All the lines below should be set down exactly, with no picture carried into the copy.

PROVIDED INFORMATION:
==================================================

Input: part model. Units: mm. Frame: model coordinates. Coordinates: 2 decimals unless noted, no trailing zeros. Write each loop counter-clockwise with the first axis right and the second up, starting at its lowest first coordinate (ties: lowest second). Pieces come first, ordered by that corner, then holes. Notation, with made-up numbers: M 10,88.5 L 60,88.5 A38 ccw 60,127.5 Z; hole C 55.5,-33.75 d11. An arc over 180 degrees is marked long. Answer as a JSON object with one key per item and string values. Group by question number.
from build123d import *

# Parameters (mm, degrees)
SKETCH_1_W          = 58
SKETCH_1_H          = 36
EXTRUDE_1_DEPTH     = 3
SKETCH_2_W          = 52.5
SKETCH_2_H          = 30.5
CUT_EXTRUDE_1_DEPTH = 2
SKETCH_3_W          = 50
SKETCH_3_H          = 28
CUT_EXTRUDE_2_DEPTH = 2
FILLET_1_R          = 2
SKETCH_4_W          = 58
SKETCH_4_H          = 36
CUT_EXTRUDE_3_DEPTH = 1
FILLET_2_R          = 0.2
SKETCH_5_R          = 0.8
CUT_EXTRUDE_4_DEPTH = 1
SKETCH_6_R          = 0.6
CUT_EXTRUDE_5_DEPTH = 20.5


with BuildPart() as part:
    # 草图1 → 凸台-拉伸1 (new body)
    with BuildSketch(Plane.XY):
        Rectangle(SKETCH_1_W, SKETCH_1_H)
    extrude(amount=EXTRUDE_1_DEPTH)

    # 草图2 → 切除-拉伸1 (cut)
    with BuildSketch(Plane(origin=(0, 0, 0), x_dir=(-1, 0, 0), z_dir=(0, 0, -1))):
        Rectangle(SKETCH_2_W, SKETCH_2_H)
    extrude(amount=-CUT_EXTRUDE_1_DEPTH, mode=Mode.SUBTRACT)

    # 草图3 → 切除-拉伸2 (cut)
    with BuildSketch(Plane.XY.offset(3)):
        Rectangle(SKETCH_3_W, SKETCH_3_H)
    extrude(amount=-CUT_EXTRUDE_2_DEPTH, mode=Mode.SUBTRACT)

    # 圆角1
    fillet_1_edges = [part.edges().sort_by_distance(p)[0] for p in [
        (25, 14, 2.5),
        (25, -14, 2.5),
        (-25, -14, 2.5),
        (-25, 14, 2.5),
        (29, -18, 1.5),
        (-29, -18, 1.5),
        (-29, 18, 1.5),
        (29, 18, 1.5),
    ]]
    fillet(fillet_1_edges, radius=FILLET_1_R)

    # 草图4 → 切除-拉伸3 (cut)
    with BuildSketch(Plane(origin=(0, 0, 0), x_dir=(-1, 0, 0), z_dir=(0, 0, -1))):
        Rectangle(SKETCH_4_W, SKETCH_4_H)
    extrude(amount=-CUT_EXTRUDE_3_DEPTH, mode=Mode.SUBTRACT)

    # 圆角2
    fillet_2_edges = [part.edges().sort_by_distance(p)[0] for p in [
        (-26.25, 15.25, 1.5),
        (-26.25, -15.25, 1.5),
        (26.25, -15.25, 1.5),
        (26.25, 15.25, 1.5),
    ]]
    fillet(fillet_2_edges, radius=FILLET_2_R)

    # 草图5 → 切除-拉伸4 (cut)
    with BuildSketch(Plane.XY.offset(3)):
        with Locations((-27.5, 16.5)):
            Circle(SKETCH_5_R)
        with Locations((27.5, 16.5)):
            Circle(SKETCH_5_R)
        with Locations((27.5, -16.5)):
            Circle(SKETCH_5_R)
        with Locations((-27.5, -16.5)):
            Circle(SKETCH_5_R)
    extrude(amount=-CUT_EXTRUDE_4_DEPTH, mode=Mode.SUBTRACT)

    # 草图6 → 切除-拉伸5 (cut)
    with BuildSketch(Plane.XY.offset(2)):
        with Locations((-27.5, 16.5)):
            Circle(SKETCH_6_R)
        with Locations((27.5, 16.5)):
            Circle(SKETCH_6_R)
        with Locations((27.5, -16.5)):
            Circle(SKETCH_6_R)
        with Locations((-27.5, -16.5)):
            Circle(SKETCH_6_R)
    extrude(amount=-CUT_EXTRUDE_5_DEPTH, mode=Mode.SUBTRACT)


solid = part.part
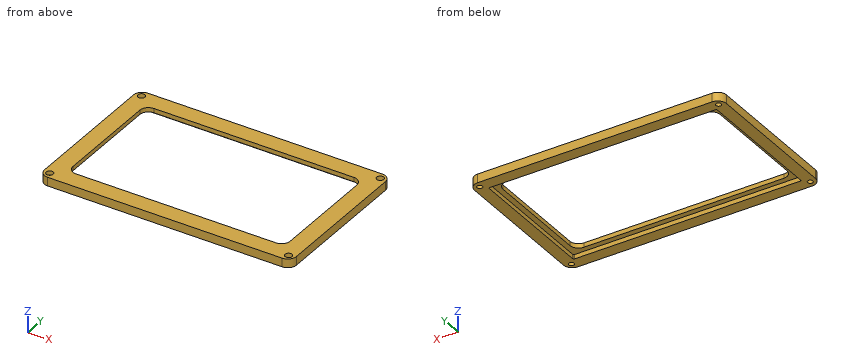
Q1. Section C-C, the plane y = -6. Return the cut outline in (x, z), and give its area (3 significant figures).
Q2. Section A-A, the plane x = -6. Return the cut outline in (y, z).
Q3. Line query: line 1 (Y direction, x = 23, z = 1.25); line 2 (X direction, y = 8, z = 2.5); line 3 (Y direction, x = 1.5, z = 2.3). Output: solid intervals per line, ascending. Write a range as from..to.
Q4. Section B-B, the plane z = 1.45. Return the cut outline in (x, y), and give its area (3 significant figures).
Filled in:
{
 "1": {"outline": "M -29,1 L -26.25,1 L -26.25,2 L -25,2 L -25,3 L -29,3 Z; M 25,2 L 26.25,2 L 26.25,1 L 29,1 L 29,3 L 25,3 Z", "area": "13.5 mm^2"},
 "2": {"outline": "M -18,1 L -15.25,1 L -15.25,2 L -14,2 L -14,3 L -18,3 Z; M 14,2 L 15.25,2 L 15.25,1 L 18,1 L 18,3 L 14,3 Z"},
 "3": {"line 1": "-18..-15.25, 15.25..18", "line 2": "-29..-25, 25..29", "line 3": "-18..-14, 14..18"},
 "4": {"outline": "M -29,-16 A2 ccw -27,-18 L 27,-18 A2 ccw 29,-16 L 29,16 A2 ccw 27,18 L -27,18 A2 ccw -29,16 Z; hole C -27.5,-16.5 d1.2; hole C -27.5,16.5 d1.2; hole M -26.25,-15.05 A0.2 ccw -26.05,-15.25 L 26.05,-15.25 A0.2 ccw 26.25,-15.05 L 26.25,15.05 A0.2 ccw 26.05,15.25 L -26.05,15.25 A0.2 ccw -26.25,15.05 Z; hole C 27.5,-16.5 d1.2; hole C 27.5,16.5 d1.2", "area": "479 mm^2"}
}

==================================================

SOLVED EXERCISE:
Input: part model. Units: mm. Frame: model coordinates. Coordinates: 2 decimals unless noted, no trailing zeros. Write each loop counter-clockwise with the first axis right and the second up, starting at its lowest first coordinate (ties: lowest second). Pieces come first, ordered by that corner, then holes. Notation, with made-up numbers: M 10,88.5 L 60,88.5 A38 ccw 60,127.5 Z; hole C 55.5,-33.75 d11. An arc over 180 degrees is marked long. Answer as a JSON object with one key per item and string values. Group by question number.
from build123d import *

# Parameters (mm, degrees)
SKETCH_1_W          = 58
SKETCH_1_H          = 36
EXTRUDE_1_DEPTH     = 3
SKETCH_2_W          = 52.5
SKETCH_2_H          = 30.5
CUT_EXTRUDE_1_DEPTH = 2
SKETCH_3_W          = 50
SKETCH_3_H          = 28
CUT_EXTRUDE_2_DEPTH = 2
FILLET_1_R          = 2
SKETCH_4_W          = 58
SKETCH_4_H          = 36
CUT_EXTRUDE_3_DEPTH = 1
FILLET_2_R          = 0.2
SKETCH_5_R          = 0.8
CUT_EXTRUDE_4_DEPTH = 1
SKETCH_6_R          = 0.6
CUT_EXTRUDE_5_DEPTH = 20.5


with BuildPart() as part:
    # 草图1 → 凸台-拉伸1 (new body)
    with BuildSketch(Plane.XY):
        Rectangle(SKETCH_1_W, SKETCH_1_H)
    extrude(amount=EXTRUDE_1_DEPTH)

    # 草图2 → 切除-拉伸1 (cut)
    with BuildSketch(Plane(origin=(0, 0, 0), x_dir=(-1, 0, 0), z_dir=(0, 0, -1))):
        Rectangle(SKETCH_2_W, SKETCH_2_H)
    extrude(amount=-CUT_EXTRUDE_1_DEPTH, mode=Mode.SUBTRACT)

    # 草图3 → 切除-拉伸2 (cut)
    with BuildSketch(Plane.XY.offset(3)):
        Rectangle(SKETCH_3_W, SKETCH_3_H)
    extrude(amount=-CUT_EXTRUDE_2_DEPTH, mode=Mode.SUBTRACT)

    # 圆角1
    fillet_1_edges = [part.edges().sort_by_distance(p)[0] for p in [
        (25, 14, 2.5),
        (25, -14, 2.5),
        (-25, -14, 2.5),
        (-25, 14, 2.5),
        (29, -18, 1.5),
        (-29, -18, 1.5),
        (-29, 18, 1.5),
        (29, 18, 1.5),
    ]]
    fillet(fillet_1_edges, radius=FILLET_1_R)

    # 草图4 → 切除-拉伸3 (cut)
    with BuildSketch(Plane(origin=(0, 0, 0), x_dir=(-1, 0, 0), z_dir=(0, 0, -1))):
        Rectangle(SKETCH_4_W, SKETCH_4_H)
    extrude(amount=-CUT_EXTRUDE_3_DEPTH, mode=Mode.SUBTRACT)

    # 圆角2
    fillet_2_edges = [part.edges().sort_by_distance(p)[0] for p in [
        (-26.25, 15.25, 1.5),
        (-26.25, -15.25, 1.5),
        (26.25, -15.25, 1.5),
        (26.25, 15.25, 1.5),
    ]]
    fillet(fillet_2_edges, radius=FILLET_2_R)

    # 草图5 → 切除-拉伸4 (cut)
    with BuildSketch(Plane.XY.offset(3)):
        with Locations((-27.5, 16.5)):
            Circle(SKETCH_5_R)
        with Locations((27.5, 16.5)):
            Circle(SKETCH_5_R)
        with Locations((27.5, -16.5)):
            Circle(SKETCH_5_R)
        with Locations((-27.5, -16.5)):
            Circle(SKETCH_5_R)
    extrude(amount=-CUT_EXTRUDE_4_DEPTH, mode=Mode.SUBTRACT)

    # 草图6 → 切除-拉伸5 (cut)
    with BuildSketch(Plane.XY.offset(2)):
        with Locations((-27.5, 16.5)):
            Circle(SKETCH_6_R)
        with Locations((27.5, 16.5)):
            Circle(SKETCH_6_R)
        with Locations((27.5, -16.5)):
            Circle(SKETCH_6_R)
        with Locations((-27.5, -16.5)):
            Circle(SKETCH_6_R)
    extrude(amount=-CUT_EXTRUDE_5_DEPTH, mode=Mode.SUBTRACT)


solid = part.part
Q1. Section C-C, the plane y = -6. Return the cut outline in (x, z), and give its area (3 significant figures).
Q2. Section A-A, the plane x = -6. Return the cut outline in (y, z).
Q3. Line query: line 1 (Y direction, x = 23, z = 1.25); line 2 (X direction, y = 8, z = 2.5); line 3 (Y direction, x = 1.5, z = 2.3). Output: solid intervals per line, ascending. Write a range as from..to.
Q4. Section B-B, the plane z = 1.45. Return the cut outline in (x, y), and give its area (3 significant figures).
Filled in:
{
 "1": {"outline": "M -29,1 L -26.25,1 L -26.25,2 L -25,2 L -25,3 L -29,3 Z; M 25,2 L 26.25,2 L 26.25,1 L 29,1 L 29,3 L 25,3 Z", "area": "13.5 mm^2"},
 "2": {"outline": "M -18,1 L -15.25,1 L -15.25,2 L -14,2 L -14,3 L -18,3 Z; M 14,2 L 15.25,2 L 15.25,1 L 18,1 L 18,3 L 14,3 Z"},
 "3": {"line 1": "-18..-15.25, 15.25..18", "line 2": "-29..-25, 25..29", "line 3": "-18..-14, 14..18"},
 "4": {"outline": "M -29,-16 A2 ccw -27,-18 L 27,-18 A2 ccw 29,-16 L 29,16 A2 ccw 27,18 L -27,18 A2 ccw -29,16 Z; hole C -27.5,-16.5 d1.2; hole C -27.5,16.5 d1.2; hole M -26.25,-15.05 A0.2 ccw -26.05,-15.25 L 26.05,-15.25 A0.2 ccw 26.25,-15.05 L 26.25,15.05 A0.2 ccw 26.05,15.25 L -26.05,15.25 A0.2 ccw -26.25,15.05 Z; hole C 27.5,-16.5 d1.2; hole C 27.5,16.5 d1.2", "area": "479 mm^2"}
}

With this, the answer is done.